**Task requirements:** Restate the listing that follows word for word, without its pictures.

**Materials provided:**

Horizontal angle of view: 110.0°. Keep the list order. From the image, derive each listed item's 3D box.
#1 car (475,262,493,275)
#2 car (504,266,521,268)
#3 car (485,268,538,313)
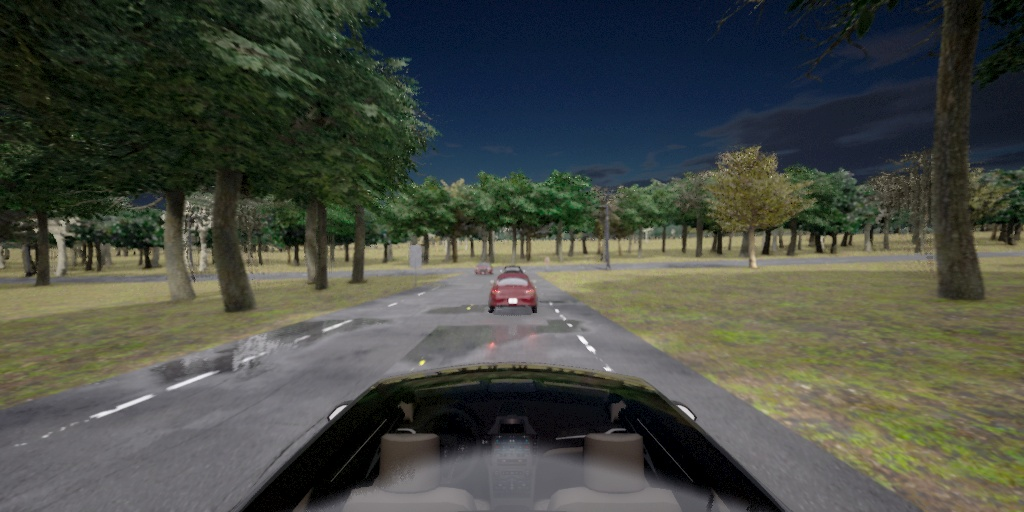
[{"bbox_3d":[-3.545,1.531,45.927,2.097,1.767,4.553,0,0,1],"label":"car"},{"bbox_3d":[0.048,1.529,29.106,1.837,1.490,4.892,0,0,0],"label":"car"},{"bbox_3d":[0.053,1.412,14.745,1.812,1.442,4.674,0,0,0],"label":"car"}]

**Answer section:**
Horizontal angle of view: 110.0°. Keep the list order. From the image, derive each listed item's 3D box.
#1 car (475,262,493,275)
#2 car (504,266,521,268)
#3 car (485,268,538,313)
[{"bbox_3d":[-3.545,1.531,45.927,2.097,1.767,4.553,0,0,1],"label":"car"},{"bbox_3d":[0.048,1.529,29.106,1.837,1.490,4.892,0,0,0],"label":"car"},{"bbox_3d":[0.053,1.412,14.745,1.812,1.442,4.674,0,0,0],"label":"car"}]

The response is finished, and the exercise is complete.